Lascio che si racconti, soprattutto a se stessa. Continua: “Pensi, che credo di averlo cercato, questo bambino. Tutti mi dicevano che sarebbe stata buona cosa che mio figlio, avesse un fratellino. Questa, però, è la cosa che più mi fa paura! Io sono figlia unica e, ancora oggi, ho incubi notturni in cui sogno che la mia mamma aspetti un altro bambino.
Da quando sono incinta, prendo Filippo nel mio letto e lo stringo stretto.
Sento che lo sto tradendo con questo bambino in grembo.”
Claudia è una donna colta, sa di psicologia e, infatti, precisa puntualmente: «Con la mia mamma ho avuto una relazione simbiotica e so benissimo che ciò non permette relazioni sane. Ora sto proiettando le mie emozioni di attaccamento su Filippo ma, nonostante l’analisi, non riesco a fare altrimenti».
Il mio silenzio è zeppo di interrogativi che non oso proporre. Dico però: «Forse è proprio per questo che lei dovrebbe portare avanti la gestazione di questo piccolo bimbo!»
E allora si fa strada un altro pensiero:
«So di non essere innamorata dell’uomo con cui vivo anche se siamo insieme da dodici anni ed è un uomo intelligente, buono, che dà sicurezza e vorrebbe questo bambino; forse continuo a sperare di separarmi da lui per un’altra persona e come farei con due figli?»
Sono abituata ad ascoltare le mie emozioni e mi rendo conto di essere, in questo momento, estremamente confusa, sofferente e impotente. Provo a proporre a Claudia la riflessione sulle conseguenze del suo atteggiamento educativo e lei afferma di esserne consapevole ma che è altrettanto convinta che Filippo soffrirebbe molto e che la sua vita sarebbe colma di infelicità.
Tento l’ultima carta: “Posso mostrarle la fotografia di un bimbo a questo tempo (89 giorni) di gestazione?” E porgo a Claudia il nostro “magico” fascicolo. «Come le ho già detto, so già tutto. Ho visto le fotografie in internet».

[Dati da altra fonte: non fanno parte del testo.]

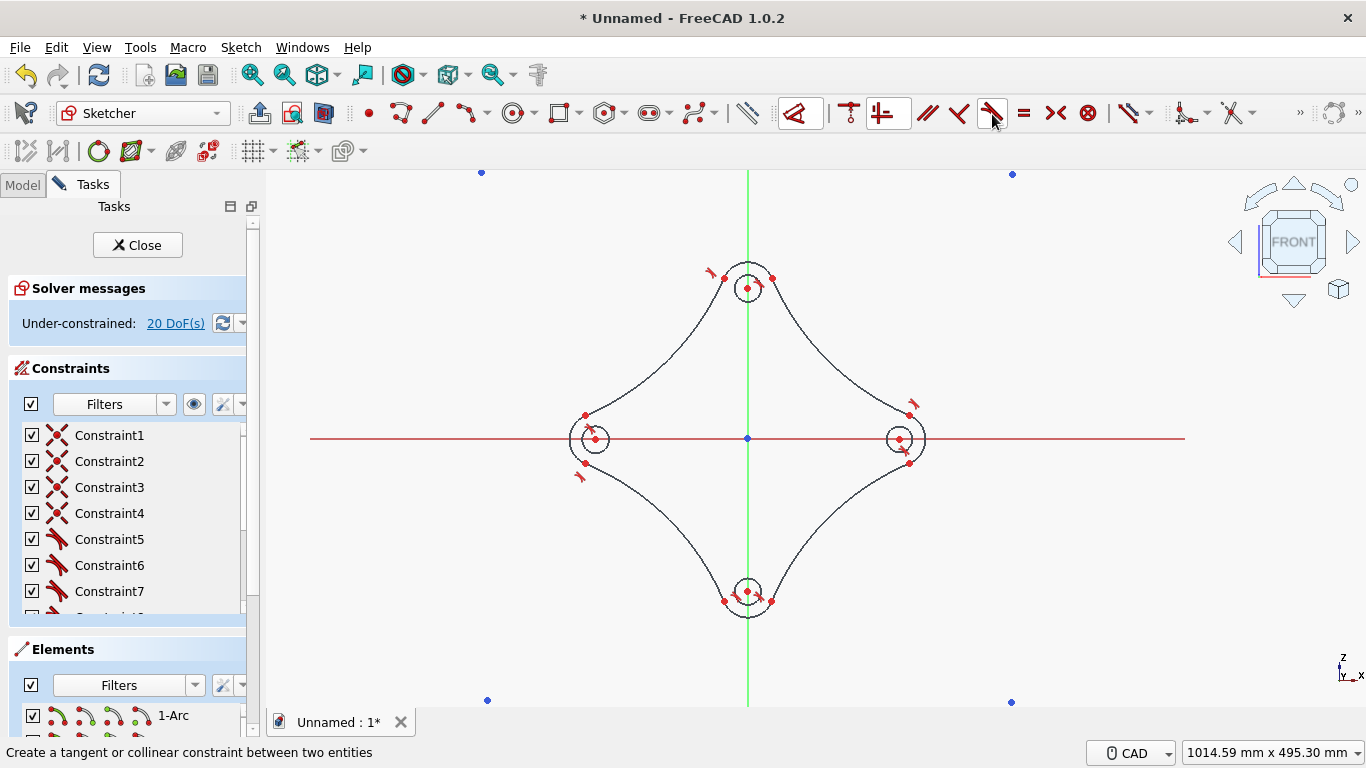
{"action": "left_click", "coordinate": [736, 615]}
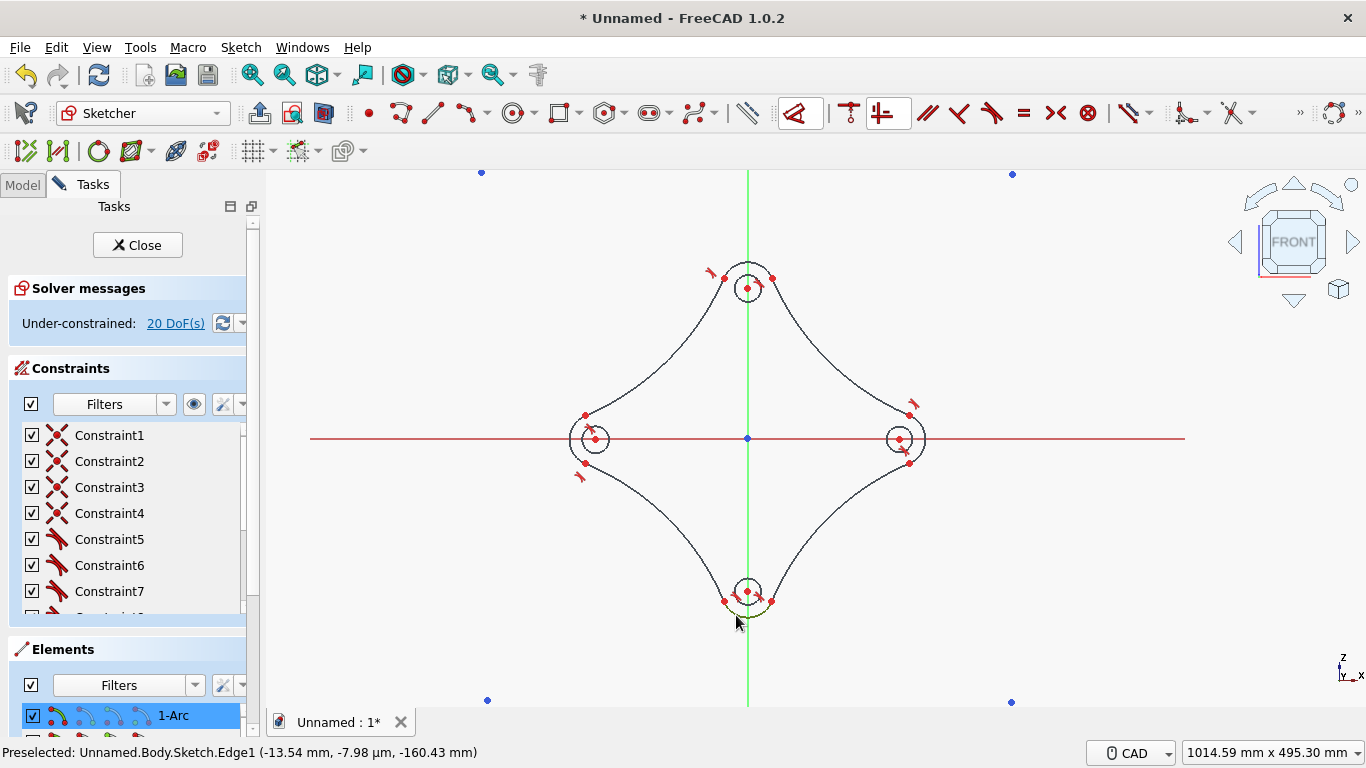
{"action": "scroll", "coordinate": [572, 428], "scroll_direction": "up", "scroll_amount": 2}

Accetta comunque di guardare il piccolo bimbo: Sì, è bello. Tutti i miei dubbi, però, restano. Davvero mi sento fortemente impotente e frustrata; credo di non avere altri argomenti. «Penso di doverla salutare, Claudia, ma mi piacerebbe che portasse con sé una cosa mia. Posso regalarle il mio libro?». «Grazie, mi piacerebbe molto!».
Ed ecco l’imprevisto farsi strada:. «Mi porteresti un mio libro», chiedo in segreteria. «Non ne ho neanche uno, in questo momento – mi rispondono – li abbiamo dati tutti per la Fiera».
Guardo desolata Claudia che ha sentito la risposta di Elena e …
«Un buon motivo per tornare!», esclama sorridendo.
.«Allora l’aspetterò!». Stringendole la mano, mi viene come da strizzarle l’occhio. Il clima è di una certa complicità.